Довоенные колхозные годы в нашей деревне не походили один на другой. Как в поговорке: то густо, то пусто, то нет ничего. Но общественная жизнь брала своё, и вскоре во всех Кузьмичах не осталось ни одного единоличника.

А годы шли. Подрастали сыновья и дочери, старели отец и мать. В сорок первом нагрянула война, убавившая нашу большую семью: вслед за Петром ушёл на фронт Антон, а затем призвали в армию и Ивана. Война не спрашивала, кому сколько лет и каково здоровье. Много лет мучившийся грыжей, как бы наградившей отца за тяжёлую многолетнюю работу, он и в военные годы, заканчивая отсчитывать седьмой десяток, не помышлял об отдыхе.

Последние две мои встречи с отцом произошли в сорок пятом – победном году. Раненный немецким снайпером пулей навылет под Кенигсбергом, я лечился в госпитале в Павлово-на-Оке под Горьким. Там и застал меня выстраданный потом, кровью и жизнями миллионов людей День Победы. А через пять дней после того, как замолчали многочисленные военные фронты, я выписался из госпиталя как выздоровевший. Велико было желание попасть на родину, встретить отца, мать, сестрёнок, братишек, родную деревню, Сылву, Танину гору и многое-многое другое. Препятствовали этому только документы. Они предписывали мне прибыть в Москву, в отдел кадров военного округа. Как значилось в предписании, я обязан был явиться туда 24 мая 1945 года. Как ни упрашивал я начальника Павловского госпиталя, коменданта Горького и коменданта станции Горький разрешить мне заехать на Урал, они остались непреклонны. Не помогло ни упоминание о том, что в моём распоряжении есть ещё десять долгих суток, ни то, что я только что выписался из госпиталя. Тогда я рискнул рвануть на родину самовольно, хотя бы дня на три, не собираясь, однако, ни на час опоздать в отдел кадров округа. На станции Горький под видом знакомого, провожающего девушку-солдатку, я, взяв её чемоданчик, благополучно вышел из вокзала на перрон и сел в вагон.

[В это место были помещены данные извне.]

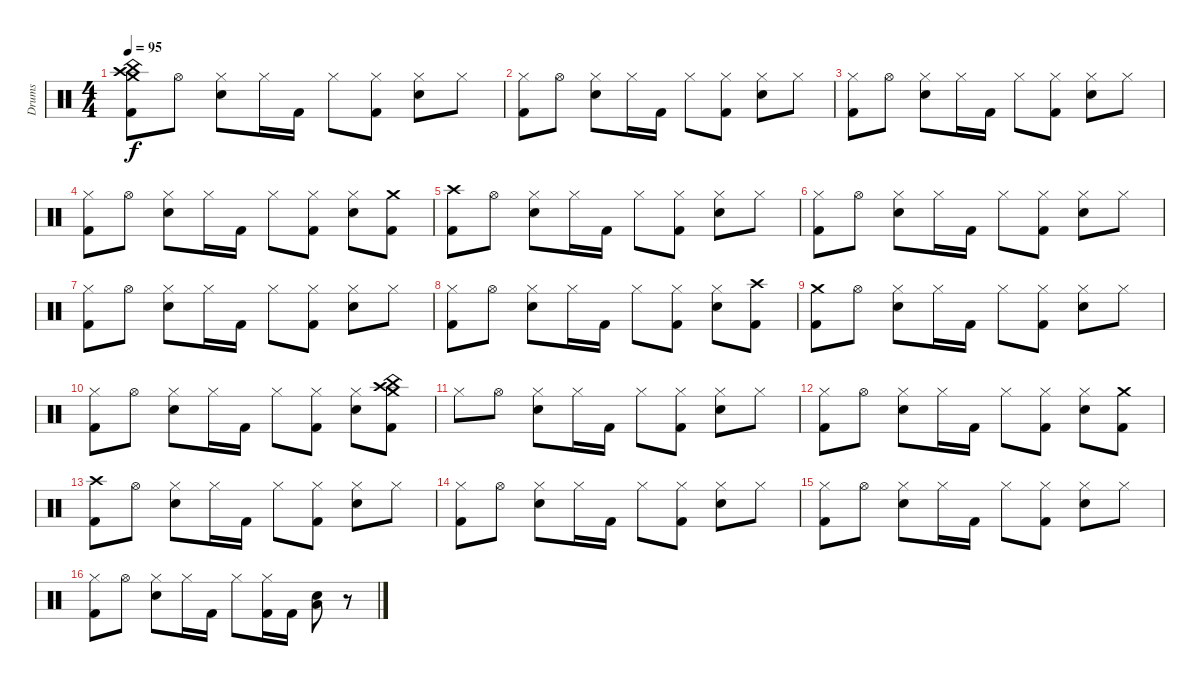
\track ("Drums" "Drums") {instrument percussion}
\staff {score}
\articulation defaults
\ts (4 4)
\tempo 95
\clef neutral
\ks c
("Crash high (hit)" "Crash medium (hit)" "China (hit)" "Kick (hit) 2").8{dy f} "Hi-Hat (open)".8 ("Hi-Hat (closed)" "Electric Snare (hit)").8 "Hi-Hat (closed)".16 "Kick (hit) 2".16 "Hi-Hat (closed)".8 ("Hi-Hat (closed)" "Kick (hit) 2").8 ("Hi-Hat (closed)" "Electric Snare (hit)").8 "Hi-Hat (closed)".8 |
("Hi-Hat (closed)" "Kick (hit) 2").8 "Hi-Hat (open)".8 ("Hi-Hat (closed)" "Electric Snare (hit)").8 "Hi-Hat (closed)".16 "Kick (hit) 2".16 "Hi-Hat (closed)".8 ("Hi-Hat (closed)" "Kick (hit) 2").8 ("Hi-Hat (closed)" "Electric Snare (hit)").8 "Hi-Hat (closed)".8 |
("Hi-Hat (closed)" "Kick (hit) 2").8 "Hi-Hat (open)".8 ("Hi-Hat (closed)" "Electric Snare (hit)").8 "Hi-Hat (closed)".16 "Kick (hit) 2".16 "Hi-Hat (closed)".8 ("Hi-Hat (closed)" "Kick (hit) 2").8 ("Hi-Hat (closed)" "Electric Snare (hit)").8 "Hi-Hat (closed)".8 |
("Hi-Hat (closed)" "Kick (hit) 2").8 "Hi-Hat (open)".8 ("Hi-Hat (closed)" "Electric Snare (hit)").8 "Hi-Hat (closed)".16 "Kick (hit) 2".16 "Hi-Hat (closed)".8 ("Hi-Hat (closed)" "Kick (hit) 2").8 ("Hi-Hat (closed)" "Electric Snare (hit)").8 ("Crash medium (hit)" "Kick (hit) 2").8 |
("Crash high (hit)" "Kick (hit) 2").8 "Hi-Hat (open)".8 ("Hi-Hat (closed)" "Electric Snare (hit)").8 "Hi-Hat (closed)".16 "Kick (hit) 2".16 "Hi-Hat (closed)".8 ("Hi-Hat (closed)" "Kick (hit) 2").8 ("Hi-Hat (closed)" "Electric Snare (hit)").8 "Hi-Hat (closed)".8 |
("Hi-Hat (closed)" "Kick (hit) 2").8 "Hi-Hat (open)".8 ("Hi-Hat (closed)" "Electric Snare (hit)").8 "Hi-Hat (closed)".16 "Kick (hit) 2".16 "Hi-Hat (closed)".8 ("Hi-Hat (closed)" "Kick (hit) 2").8 ("Hi-Hat (closed)" "Electric Snare (hit)").8 "Hi-Hat (closed)".8 |
("Hi-Hat (closed)" "Kick (hit) 2").8 "Hi-Hat (open)".8 ("Hi-Hat (closed)" "Electric Snare (hit)").8 "Hi-Hat (closed)".16 "Kick (hit) 2".16 "Hi-Hat (closed)".8 ("Hi-Hat (closed)" "Kick (hit) 2").8 ("Hi-Hat (closed)" "Electric Snare (hit)").8 "Hi-Hat (closed)".8 |
("Hi-Hat (closed)" "Kick (hit) 2").8 "Hi-Hat (open)".8 ("Hi-Hat (closed)" "Electric Snare (hit)").8 "Hi-Hat (closed)".16 "Kick (hit) 2".16 "Hi-Hat (closed)".8 ("Hi-Hat (closed)" "Kick (hit) 2").8 ("Hi-Hat (closed)" "Electric Snare (hit)").8 ("Crash high (hit)" "Kick (hit) 2").8 |
("Crash medium (hit)" "Kick (hit) 2").8 "Hi-Hat (open)".8 ("Hi-Hat (closed)" "Electric Snare (hit)").8 "Hi-Hat (closed)".16 "Kick (hit) 2".16 "Hi-Hat (closed)".8 ("Hi-Hat (closed)" "Kick (hit) 2").8 ("Hi-Hat (closed)" "Electric Snare (hit)").8 "Hi-Hat (closed)".8 |
("Hi-Hat (closed)" "Kick (hit) 2").8 "Hi-Hat (open)".8 ("Hi-Hat (closed)" "Electric Snare (hit)").8 "Hi-Hat (closed)".16 "Kick (hit) 2".16 "Hi-Hat (closed)".8 ("Hi-Hat (closed)" "Kick (hit) 2").8 ("Hi-Hat (closed)" "Electric Snare (hit)").8 ("Crash high (hit)" "Crash medium (hit)" "China (hit)" "Kick (hit) 2").8 |
"Hi-Hat (closed)".8 "Hi-Hat (open)".8 ("Hi-Hat (closed)" "Electric Snare (hit)").8 "Hi-Hat (closed)".16 "Kick (hit) 2".16 "Hi-Hat (closed)".8 ("Hi-Hat (closed)" "Kick (hit) 2").8 ("Hi-Hat (closed)" "Electric Snare (hit)").8 "Hi-Hat (closed)".8 |
("Hi-Hat (closed)" "Kick (hit) 2").8 "Hi-Hat (open)".8 ("Hi-Hat (closed)" "Electric Snare (hit)").8 "Hi-Hat (closed)".16 "Kick (hit) 2".16 "Hi-Hat (closed)".8 ("Hi-Hat (closed)" "Kick (hit) 2").8 ("Hi-Hat (closed)" "Electric Snare (hit)").8 ("Crash medium (hit)" "Kick (hit) 2").8 |
("Crash high (hit)" "Kick (hit) 2").8 "Hi-Hat (open)".8 ("Hi-Hat (closed)" "Electric Snare (hit)").8 "Hi-Hat (closed)".16 "Kick (hit) 2".16 "Hi-Hat (closed)".8 ("Hi-Hat (closed)" "Kick (hit) 2").8 ("Hi-Hat (closed)" "Electric Snare (hit)").8 "Hi-Hat (closed)".8 |
("Hi-Hat (closed)" "Kick (hit) 2").8 "Hi-Hat (open)".8 ("Hi-Hat (closed)" "Electric Snare (hit)").8 "Hi-Hat (closed)".16 "Kick (hit) 2".16 "Hi-Hat (closed)".8 ("Hi-Hat (closed)" "Kick (hit) 2").8 ("Hi-Hat (closed)" "Electric Snare (hit)").8 "Hi-Hat (closed)".8 |
("Hi-Hat (closed)" "Kick (hit) 2").8 "Hi-Hat (open)".8 ("Hi-Hat (closed)" "Electric Snare (hit)").8 "Hi-Hat (closed)".16 "Kick (hit) 2".16 "Hi-Hat (closed)".8 ("Hi-Hat (closed)" "Kick (hit) 2").8 ("Hi-Hat (closed)" "Electric Snare (hit)").8 "Hi-Hat (closed)".8 |
("Hi-Hat (closed)" "Kick (hit) 2").8 "Hi-Hat (open)".8 ("Hi-Hat (closed)" "Electric Snare (hit)").8 "Hi-Hat (closed)".16 "Kick (hit) 2".16 "Hi-Hat (closed)".8 ("Hi-Hat (closed)" "Kick (hit) 2").16 "Kick (hit) 2".16 ("Low Floor Tom (hit)" "Electric Snare (hit)").8 r.8

А под утро шестнадцатого мая поезд доставил меня на территорию родной Свердловской области, в край многочисленных заводов и бескрайних лесов, бурных рек и высоких гор. Майская тёмная и тёплая ночь победного года прикрывала поезд и спавших в нём пассажиров. Ещё шесть часов езды до родной станции, но мне о сне и не думалось.

Всякий раз, подъезжая к родным местам, волнуешься непременно, переживаешь обязательно, наливаешься новыми силами. Но волнение, охватившее меня в ту памятную майскую ночь, не сравнить ни с каким другим: настолько особым, неповторимым, неописуемым оно было. Хоть и не видно ничего в темноте ночной из вагонного окна, но глаза так и впиваются в мелькающие мимо силуэты елей, пихт, гор, домов, столбов. За станцией Кунгур стали попадаться места близкие, дорогие, понятные, напоминающие о родине и годах молодости. Засверкала, заблестела, зашуршала на перекатах река Сылва. Сердце ёкнуло при мысли о том, что она, прежде чем оказаться здесь, так же живо пробежала в Ивановичах, мимо окон отцовского дома. Уставившись на горную красавицу, я подумал: может, отпечатались в ней и места родные.

А по обе стороны полотна железной дороги – дремучие уральские леса. Казалось, словно зенитные орудия, вечно стоящие на страже седого Урала с его несметными богатствами. Им повезло: они не слышали шелеста снарядов, воя мин, визга пуль. Под их кронами стоял я в октябрьский вечер сорокового года, отправляясь в неведомый, героический, романтический мир – Красную Армию. Неужели четыре года прошло с тех пор! Да таких года – огненных, смертельных, военных! И все ли, кто стоял в тот вечер под этой крышей, ходят сейчас по земле! Сердце замерло, когда до ушей донесся знакомо певучий, быстрый говор женщины. Можно было не видеть ее лица, но без ошибки сказать, что женщина эта – не смоленская и не украинская, а именно уральская. Таким же голосом, так же нараспев, такими же особыми, понятными только уральцам, словами, говорила она, как и мама, не знавшая еще, что сын ее возвратился с войны и стоит сейчас, волнуясь и переживая, на родной станции.